Pueblos de Mallorca

Sóller es uno de esos municipios que nadie debe perderse al visitar Mallorca. Situación en el corazón de la Sierra de Tramuntana, el Valle de sóller, también conocido como el valle de los naranjos por la cantidad de estos árboles que hay en la zona, es uno de los más bellos de la Isla. El paisaje de la zona es el típicamente mediterráneo, acompañando siempre de un clima suave y agradable marcado por la brisa marina y el frescor de la montaña.

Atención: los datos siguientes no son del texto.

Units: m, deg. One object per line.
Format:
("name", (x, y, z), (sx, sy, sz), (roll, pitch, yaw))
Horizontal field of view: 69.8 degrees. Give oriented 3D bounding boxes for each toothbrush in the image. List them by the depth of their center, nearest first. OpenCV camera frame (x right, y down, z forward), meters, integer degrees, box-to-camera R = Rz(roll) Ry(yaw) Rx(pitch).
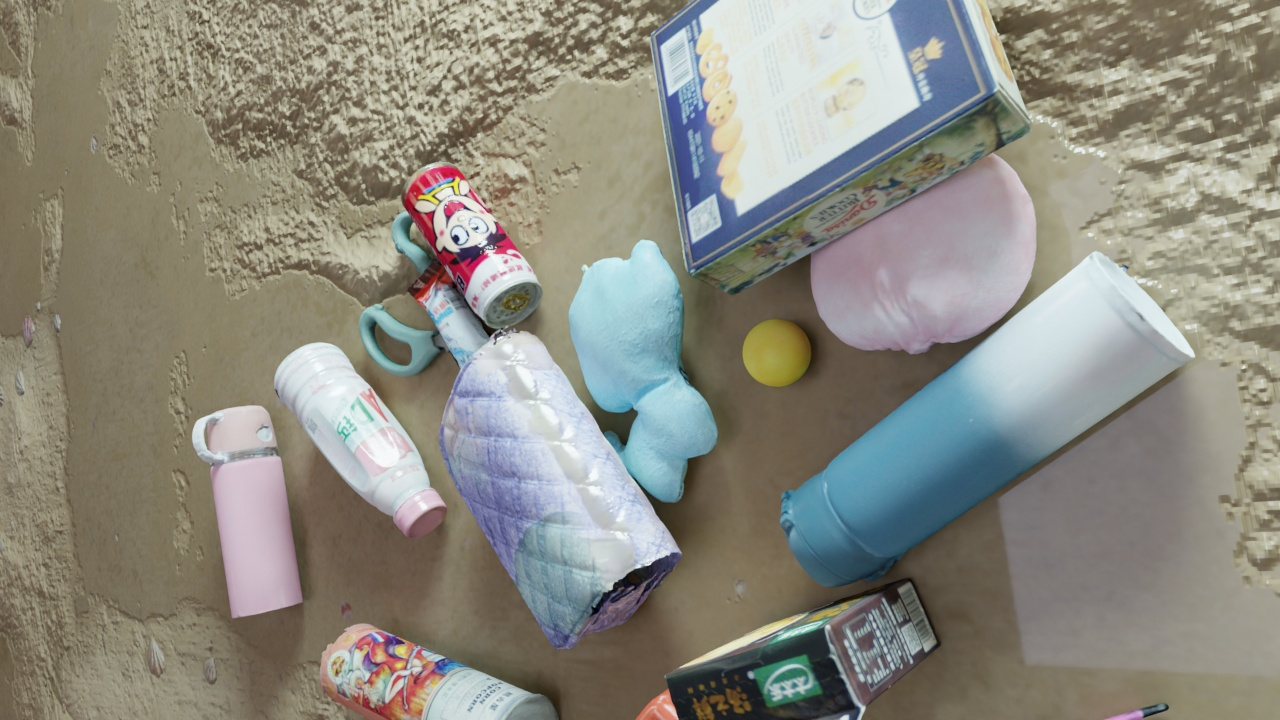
("toothbrush", (0.185, 0.208, 0.488), (0.190, 0.014, 0.017), (-36, 58, 33))

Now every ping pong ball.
("ping pong ball", (0.081, -0.005, 0.543), (0.040, 0.040, 0.040), (2, 93, 38))

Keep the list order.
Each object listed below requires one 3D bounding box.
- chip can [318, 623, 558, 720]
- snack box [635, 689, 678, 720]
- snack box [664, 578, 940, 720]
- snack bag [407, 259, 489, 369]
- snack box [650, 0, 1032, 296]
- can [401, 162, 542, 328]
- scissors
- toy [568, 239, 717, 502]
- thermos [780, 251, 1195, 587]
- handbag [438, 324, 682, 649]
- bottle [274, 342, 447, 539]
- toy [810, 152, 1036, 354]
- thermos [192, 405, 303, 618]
("chip can", (-0.166, 0.271, 0.730), (0.215, 0.071, 0.071), (5, 95, 39))
("snack box", (0.042, 0.238, 0.559), (0.091, 0.080, 0.082), (44, 116, 29))
("snack box", (0.084, 0.169, 0.493), (0.113, 0.125, 0.053), (-32, 72, 35))
("snack bag", (-0.142, -0.026, 0.710), (0.048, 0.026, 0.104), (-42, 72, 34))
("snack box", (0.092, -0.153, 0.493), (0.183, 0.045, 0.177), (-27, 57, 36))
("can", (-0.128, -0.088, 0.696), (0.053, 0.053, 0.132), (-51, 62, 28))
("scissors", (-0.184, -0.029, 0.765), (0.176, 0.019, 0.175), (-41, 71, 30))
("toy", (-0.004, 0.004, 0.605), (0.156, 0.049, 0.162), (46, 130, 23))
("thermos", (0.163, 0.041, 0.468), (0.221, 0.070, 0.070), (-46, 65, 31))
("handbag", (-0.061, 0.088, 0.629), (0.194, 0.075, 0.134), (54, 142, 22))
("bottle", (-0.237, 0.069, 0.782), (0.197, 0.068, 0.068), (45, 117, 24))
("toy", (0.142, -0.081, 0.485), (0.122, 0.054, 0.159), (-15, 71, 37))
("thermos", (-0.381, 0.145, 0.885), (0.067, 0.087, 0.198), (-13, 85, 20))
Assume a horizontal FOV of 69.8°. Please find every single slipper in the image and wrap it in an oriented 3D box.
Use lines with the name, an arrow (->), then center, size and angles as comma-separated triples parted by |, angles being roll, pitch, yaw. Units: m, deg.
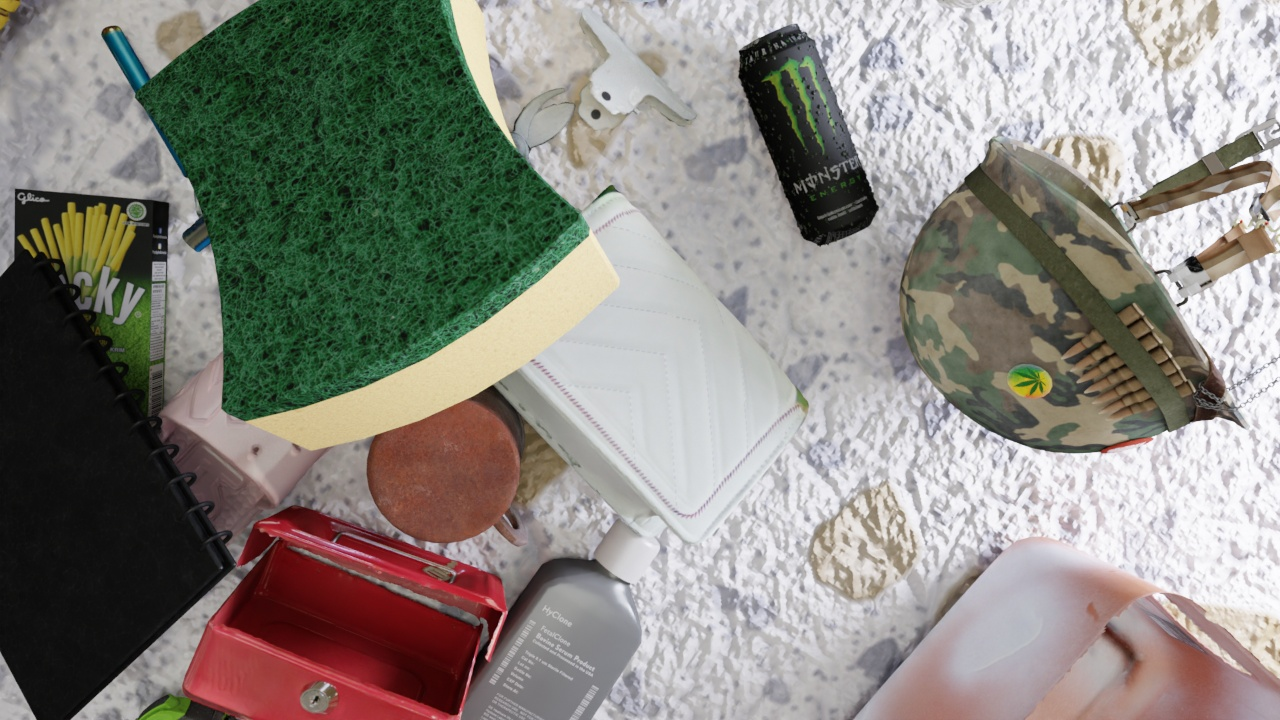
slipper -> -0.256, 0.052, 0.579 | 0.094, 0.064, 0.239 | 44, 92, -9

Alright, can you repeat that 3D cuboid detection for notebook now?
notebook -> -0.346, 0.071, 0.536 | 0.169, 0.019, 0.231 | -41, 77, 13

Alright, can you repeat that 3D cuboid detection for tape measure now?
tape measure -> -0.312, 0.255, 0.611 | 0.058, 0.036, 0.065 | 37, 88, -18

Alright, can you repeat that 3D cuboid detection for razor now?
razor -> -0.297, -0.142, 0.576 | 0.042, 0.022, 0.144 | -22, 95, 33

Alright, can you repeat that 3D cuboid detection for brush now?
brush -> -0.148, -0.096, 0.506 | 0.195, 0.075, 0.250 | -28, 67, 3

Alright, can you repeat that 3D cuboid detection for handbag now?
handbag -> -0.003, 0.003, 0.585 | 0.198, 0.096, 0.141 | 48, 68, -8

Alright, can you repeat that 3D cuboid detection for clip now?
clip -> -0.014, -0.178, 0.596 | 0.101, 0.040, 0.054 | 42, 78, -8

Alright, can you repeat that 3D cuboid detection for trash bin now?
trash bin -> 0.269, 0.268, 0.613 | 0.181, 0.157, 0.259 | 41, 90, -9

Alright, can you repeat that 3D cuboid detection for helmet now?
helmet -> 0.287, -0.047, 0.556 | 0.224, 0.192, 0.237 | 36, 118, 4

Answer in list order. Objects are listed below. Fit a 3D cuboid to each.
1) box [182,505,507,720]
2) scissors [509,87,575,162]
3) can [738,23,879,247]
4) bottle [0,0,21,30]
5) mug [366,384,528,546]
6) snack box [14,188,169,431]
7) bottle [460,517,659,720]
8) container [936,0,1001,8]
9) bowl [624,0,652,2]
box -> -0.175, 0.168, 0.569 | 0.157, 0.136, 0.117 | 22, 88, -6
scissors -> -0.104, -0.116, 0.599 | 0.130, 0.019, 0.150 | 3, 95, -8
can -> 0.109, -0.145, 0.600 | 0.054, 0.054, 0.138 | -24, 98, -3
bottle -> -0.387, -0.242, 0.529 | 0.071, 0.071, 0.164 | 37, 91, -9
mug -> -0.109, 0.071, 0.576 | 0.096, 0.110, 0.123 | -38, 98, 4
snack box -> -0.346, -0.030, 0.579 | 0.080, 0.025, 0.147 | 4, 96, -6
bottle -> -0.049, 0.187, 0.624 | 0.083, 0.046, 0.174 | 34, 92, -9
container -> 0.219, -0.332, 0.533 | 0.143, 0.184, 0.251 | -22, 99, 6
bowl -> 0.006, -0.297, 0.548 | 0.143, 0.074, 0.144 | -3, 101, -17
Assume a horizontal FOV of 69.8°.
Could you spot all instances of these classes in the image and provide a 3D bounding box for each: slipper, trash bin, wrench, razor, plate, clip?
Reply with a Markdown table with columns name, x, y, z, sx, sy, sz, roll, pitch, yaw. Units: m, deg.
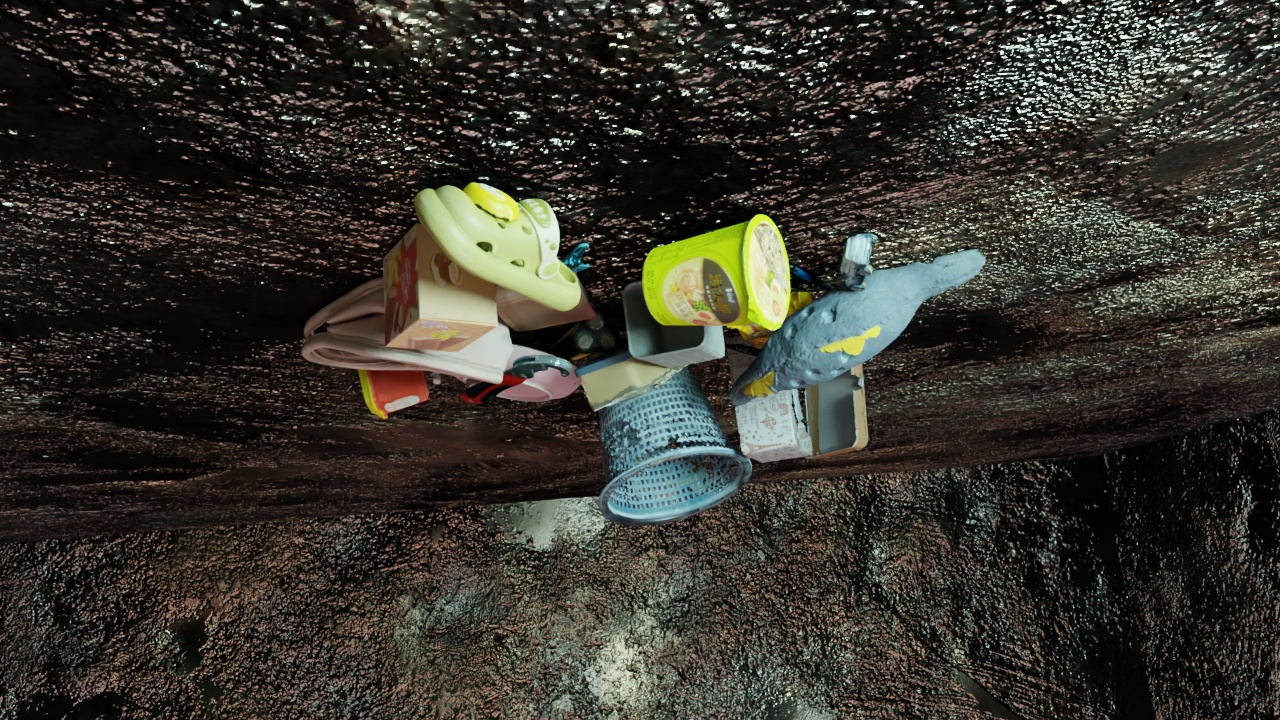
| name | x | y | z | sx | sy | sz | roll | pitch | yaw |
| --- | --- | --- | --- | --- | --- | --- | --- | --- | --- |
| slipper | -0.110 | -0.109 | 0.798 | 0.082 | 0.091 | 0.190 | -50 | 141 | 9 |
| trash bin | 0.027 | 0.108 | 1.356 | 0.226 | 0.194 | 0.227 | -12 | 148 | -8 |
| wrench | -0.167 | 0.027 | 1.138 | 0.056 | 0.016 | 0.274 | 20 | 159 | -28 |
| razor | -0.079 | -0.023 | 1.164 | 0.067 | 0.062 | 0.168 | -34 | -176 | -26 |
| plate | -0.173 | 0.021 | 1.223 | 0.192 | 0.039 | 0.192 | 9 | 165 | 2 |
| clip | -0.066 | -0.101 | 0.931 | 0.014 | 0.040 | 0.056 | 3 | 170 | -28 |

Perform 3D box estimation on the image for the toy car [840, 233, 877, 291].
| name | x | y | z | sx | sy | sz | roll | pitch | yaw |
| --- | --- | --- | --- | --- | --- | --- | --- | --- | --- |
| toy car | 0.233 | -0.105 | 0.986 | 0.034 | 0.043 | 0.090 | 6 | 167 | 9 |

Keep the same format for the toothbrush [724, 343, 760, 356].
| name | x | y | z | sx | sy | sz | roll | pitch | yaw |
| --- | --- | --- | --- | --- | --- | --- | --- | --- | --- |
| toothbrush | 0.147 | -0.014 | 1.215 | 0.189 | 0.014 | 0.017 | 16 | 154 | 39 |

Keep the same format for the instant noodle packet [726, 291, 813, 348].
| name | x | y | z | sx | sy | sz | roll | pitch | yaw |
| --- | --- | --- | --- | --- | --- | --- | --- | --- | --- |
| instant noodle packet | 0.176 | -0.050 | 1.174 | 0.111 | 0.044 | 0.128 | -16 | 163 | 19 |

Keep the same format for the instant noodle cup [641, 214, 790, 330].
| name | x | y | z | sx | sy | sz | roll | pitch | yaw |
| --- | --- | --- | --- | --- | --- | --- | --- | --- | --- |
| instant noodle cup | 0.072 | -0.080 | 0.913 | 0.124 | 0.111 | 0.111 | -6 | 167 | 30 |

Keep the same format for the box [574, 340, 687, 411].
| name | x | y | z | sx | sy | sz | roll | pitch | yaw |
| --- | --- | --- | --- | --- | --- | --- | --- | --- | --- |
| box | -0.007 | 0.007 | 1.148 | 0.090 | 0.061 | 0.183 | -20 | -176 | 29 |

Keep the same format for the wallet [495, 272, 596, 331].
| name | x | y | z | sx | sy | sz | roll | pitch | yaw |
| --- | --- | --- | --- | --- | --- | --- | --- | --- | --- |
| wallet | -0.107 | -0.067 | 1.029 | 0.101 | 0.032 | 0.124 | -10 | 165 | 6 |

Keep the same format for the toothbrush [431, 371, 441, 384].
| name | x | y | z | sx | sy | sz | roll | pitch | yaw |
| --- | --- | --- | --- | --- | --- | --- | --- | --- | --- |
| toothbrush | -0.285 | 0.002 | 1.249 | 0.015 | 0.018 | 0.181 | -1 | 163 | -7 |

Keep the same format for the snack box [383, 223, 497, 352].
| name | x | y | z | sx | sy | sz | roll | pitch | yaw |
| --- | --- | --- | --- | --- | --- | --- | --- | --- | --- |
| snack box | -0.192 | -0.066 | 0.869 | 0.077 | 0.092 | 0.095 | 5 | 163 | -34 |

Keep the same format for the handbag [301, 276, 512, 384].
| name | x | y | z | sx | sy | sz | roll | pitch | yaw |
| --- | --- | --- | --- | --- | --- | --- | --- | --- | --- |
| handbag | -0.287 | -0.021 | 1.057 | 0.235 | 0.093 | 0.193 | -7 | 166 | 33 |

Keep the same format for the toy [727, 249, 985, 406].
| name | x | y | z | sx | sy | sz | roll | pitch | yaw |
| --- | --- | --- | --- | --- | --- | --- | --- | --- | --- |
| toy | 0.233 | -0.034 | 1.077 | 0.357 | 0.091 | 0.137 | -32 | 171 | 24 |

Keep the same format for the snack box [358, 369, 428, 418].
| name | x | y | z | sx | sy | sz | roll | pitch | yaw |
| --- | --- | --- | --- | --- | --- | --- | --- | --- | --- |
| snack box | -0.326 | 0.029 | 1.217 | 0.080 | 0.082 | 0.091 | -13 | 168 | -12 |

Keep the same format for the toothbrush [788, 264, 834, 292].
| name | x | y | z | sx | sy | sz | roll | pitch | yaw |
| --- | --- | --- | --- | --- | --- | --- | --- | --- | --- |
| toothbrush | 0.220 | -0.091 | 1.101 | 0.014 | 0.016 | 0.189 | -5 | 166 | 36 |

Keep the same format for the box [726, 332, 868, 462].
| name | x | y | z | sx | sy | sz | roll | pitch | yaw |
| --- | --- | --- | --- | --- | --- | --- | --- | --- | --- |
| box | 0.234 | 0.045 | 1.284 | 0.178 | 0.182 | 0.152 | -12 | 165 | 22 |

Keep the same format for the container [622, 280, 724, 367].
| name | x | y | z | sx | sy | sz | roll | pitch | yaw |
| --- | --- | --- | --- | --- | --- | --- | --- | --- | --- |
| container | 0.044 | -0.042 | 1.067 | 0.090 | 0.090 | 0.114 | -10 | 168 | 18 |

Los atractivos culturales de la localidad son también muy numerosos. El centro del pueblo, en su conjunto, es digno de ser visitado como una muestra de lo que es un centro urbano característico de las islas. Además vale la pena conocer los museos de la localidad, entre los cuales destaca especialmente el Jardín Botánico.

Si se llega al pueblo en el tren que viene de Palma, ya se ha disfrutado del panorama por el camino, pero esto no debe respetarle interés al trayecto que lleva hasta el Puerto de Sóller a bordo de un tradicional y agradable tranvía que une de los dos núcleos. El puerto se encuentra a tan sólo cuatro kilómetros de Sóller y es el único de una cierta envergadura en toda la cornisa norte del litoral mallorquín.

Ubicado en una bahía natural privilegiada, el Puerto de Sóller ofrece una combinación de playa y puerto deportivo que conserva el aspecto de los balnearios de principio de siglo. Vale la pena visitar, una vez en el puerto, Sa Torre Picada, que era una construcción de vigilancia, situada a la Costa de3 la Atalaia, que servía para advertir a la población de los ataques por el mar.

Otro de los atractivos de esta zona es la variedad gastronómica, muy arraigada a la cultura y a las tradiciones de la localidad. Es un regalo para el paladar probar las mermeladas de naranja y de limón, los exquisitos helados y las sobrasadas de Sóller.